It's not been a good year for the Middle East: continuing genocide in Sudan's Darfur region, another humanitarian crisis in Somalia, 4 million Iraqi refugees meandering inside and outside their country, martial law in Pakistan, violence and uncertainty again in Afghanistan, and on the list goes. There were glimmers of hope, too: Iran may not be going nuclear after all and Israelis and Palestinians are talking again, if barely so. Inevitably, a list of the year's top issues is cursory at best.
1. Darfur/Somalia Humanitarian Disasters
Since early 2003 more than 300,000 people have died or been killed in Sudan's Darfur region as the Sudanese military and Arab fighters known as Janjaweed continue their ethnic cleansing of non-Arab tribes--with the Sudanese government's tacit backing. African governments are contributing to a United Nations peacekeeping force overdue for deployment in the region, but the 7,000-strong force is not likely to stem the killing for good. In Somalia, in one of the most under-reported stories of the year, war is again raging as Ethiopia invaded, with the West's backing, to smash Islamic forces. There, Africa and the United Nations seem uninterested in intervening.
2. Iraq's Refugee Crisis
Much is being written toward the end of 2007 about refugees returning to Iraq as an indication of that country's improving situation. The reports are overly optimistic, if not simplistic. There are still upwards of 4 million Iraqi refugees, about half of them in the country and half of them outside of it--mostly in Syria, Lebanon and Jordan. Syria is sending thousands of them home. The Iraqi government is unprepared to deal with the crisis. Many of those returning to Iraq cannot go back to their former homes, in neighborhood "cleansed" of one sectarian denomination or another.3. Military "Surge" in Iraq
Beginning in February, U.S. troops in Iraq swelled by 30,000, reaching 162,000 by late May. The "surge" was designed to suppress sectarian violence and give the Iraqi government another chance at forging reconciliation between Iraqi factions. The violence was somewhat suppressed--but not eliminated. Iraq is still a more violent place in late 2007 than it was in 2004, a year into the American occupation. The surge's gains seem temporary. The Iraqi government has all but given up on national reconciliation. Starting in early 2008, U.S. troops must draw down for lack of replacements.

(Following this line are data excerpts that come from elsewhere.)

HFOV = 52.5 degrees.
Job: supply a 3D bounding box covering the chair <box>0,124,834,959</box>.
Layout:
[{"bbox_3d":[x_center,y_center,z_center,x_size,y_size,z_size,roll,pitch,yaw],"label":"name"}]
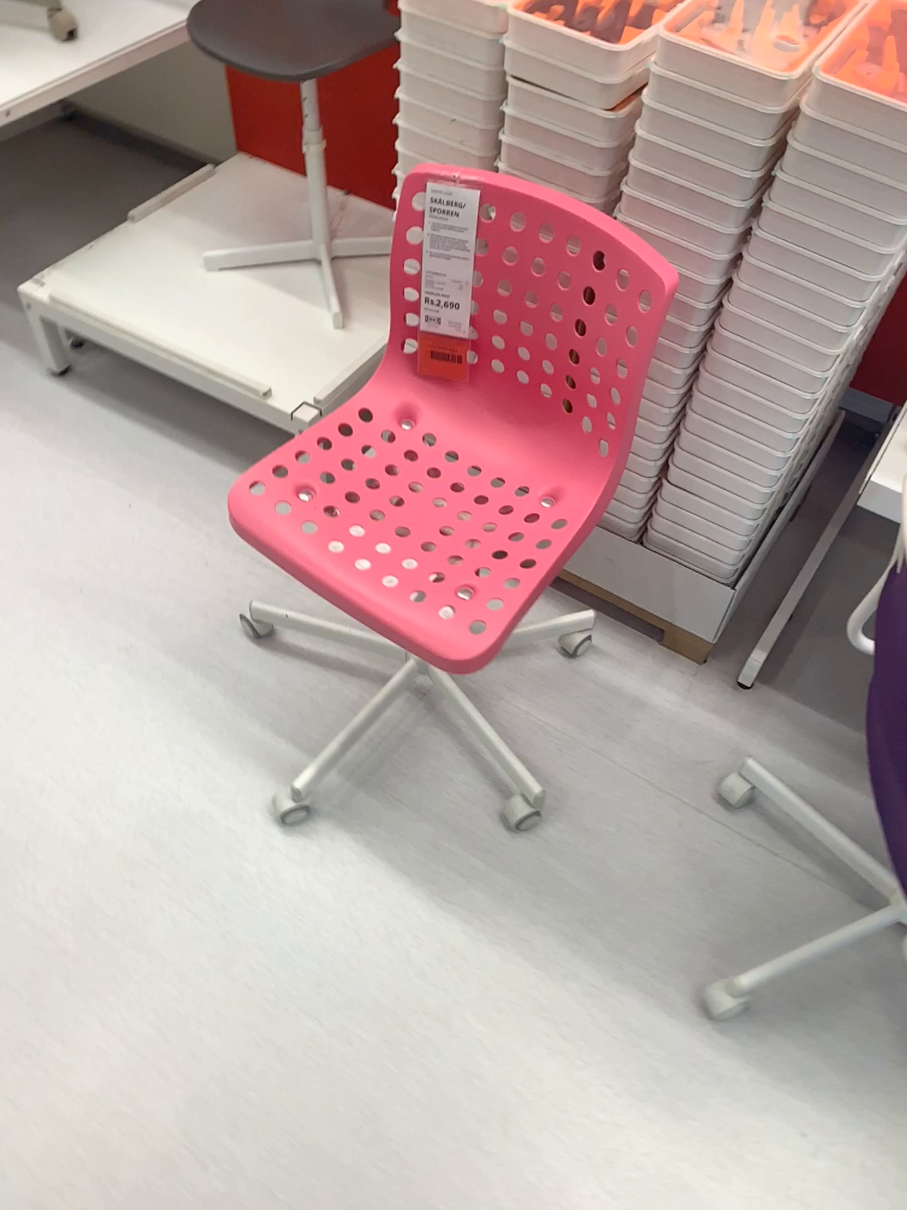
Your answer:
[{"bbox_3d":[-0.035,-0.103,1.292,0.671,0.688,0.691,31,56,20],"label":"chair"}]

4. Iran Gives Up on Nukes?
The question mark necessarily glows still. The Bush administration spent much of 2007 building a case for bombing Iran--a case as fraught with unanswered questions, uncertainty and recklessness as the case for war on Iraq turned out to be. By late 2007 Bush himself seemed to have boxed himself into a corner, having threatened "World War III" should Iran continue its alleged nuclear-weapons program. But in early December, the U.S. government's intelligence community released a National Intelligence Estimate that found "with high confidence" that Iran had quit its nuclear-weapons program in 2003. The revelation radically down-shifted the war talk on the administration's end. Besides, Bush is now willing to talk to Iran over Iraqi issues.5. Losing Afghanistan
Briefly won in 2001, when U.S.-led forces routed the Taliban regime that had been in power since 1996 (and hosted Osama bin laden), Afghanistan is being lost again. The Taliban is resurgent but not victorious. A permanent state of war exists, with big gains neither for the Taliban nor for American and NATO forces, as the two sides keep trading ground. The bigger problem is the Afghan government of Hamid Karzai. It is corrupt and losing face with the Afghan public. Western troops aren't threatening to withdraw. To the contrary. Both France and the United States may increase their military commitment. But as in Iraq, a military solution cannot come before a political solution. Meanwhile, al-Qaeda remains on the Pakistani side of the border.